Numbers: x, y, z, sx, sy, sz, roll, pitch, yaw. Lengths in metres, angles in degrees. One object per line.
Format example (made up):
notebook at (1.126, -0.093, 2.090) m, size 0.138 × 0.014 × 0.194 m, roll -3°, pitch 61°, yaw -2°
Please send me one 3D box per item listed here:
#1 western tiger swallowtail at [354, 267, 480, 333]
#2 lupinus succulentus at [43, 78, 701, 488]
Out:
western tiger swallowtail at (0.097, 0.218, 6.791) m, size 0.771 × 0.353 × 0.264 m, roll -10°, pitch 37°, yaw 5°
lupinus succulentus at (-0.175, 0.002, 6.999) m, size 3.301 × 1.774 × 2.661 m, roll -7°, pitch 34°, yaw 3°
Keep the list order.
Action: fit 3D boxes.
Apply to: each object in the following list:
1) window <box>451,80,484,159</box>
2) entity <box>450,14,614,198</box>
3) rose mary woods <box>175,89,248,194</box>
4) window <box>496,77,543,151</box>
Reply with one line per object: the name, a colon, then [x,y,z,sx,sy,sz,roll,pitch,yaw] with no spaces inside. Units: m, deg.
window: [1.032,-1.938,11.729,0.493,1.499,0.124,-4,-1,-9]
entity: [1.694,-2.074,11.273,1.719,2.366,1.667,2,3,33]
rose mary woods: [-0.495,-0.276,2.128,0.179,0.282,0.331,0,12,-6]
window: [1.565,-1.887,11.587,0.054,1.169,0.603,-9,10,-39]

#### [Problem statement]
Could the data above be set down exactly, in full?

#### [Your solution]
Numbers: x, y, z, sx, sy, sz, roll, pitch, yaw. Lengths in metres, angles in degrees. One object per line.
Format example (made up):
notebook at (1.126, -0.093, 2.090) m, size 0.138 × 0.014 × 0.194 m, roll -3°, pitch 61°, yaw -2°
Please send me one 3D box per item listed here:
#1 western tiger swallowtail at [354, 267, 480, 333]
#2 lupinus succulentus at [43, 78, 701, 488]
Out:
western tiger swallowtail at (0.097, 0.218, 6.791) m, size 0.771 × 0.353 × 0.264 m, roll -10°, pitch 37°, yaw 5°
lupinus succulentus at (-0.175, 0.002, 6.999) m, size 3.301 × 1.774 × 2.661 m, roll -7°, pitch 34°, yaw 3°
Keep the list order.
Action: fit 3D boxes.
Apply to: each object in the following list:
1) window <box>451,80,484,159</box>
2) entity <box>450,14,614,198</box>
3) rose mary woods <box>175,89,248,194</box>
4) window <box>496,77,543,151</box>
Reply with one line per object: the name, a colon, then [x,y,z,sx,sy,sz,roll,pitch,yaw] with no spaces inside. Units: m, deg.
window: [1.032,-1.938,11.729,0.493,1.499,0.124,-4,-1,-9]
entity: [1.694,-2.074,11.273,1.719,2.366,1.667,2,3,33]
rose mary woods: [-0.495,-0.276,2.128,0.179,0.282,0.331,0,12,-6]
window: [1.565,-1.887,11.587,0.054,1.169,0.603,-9,10,-39]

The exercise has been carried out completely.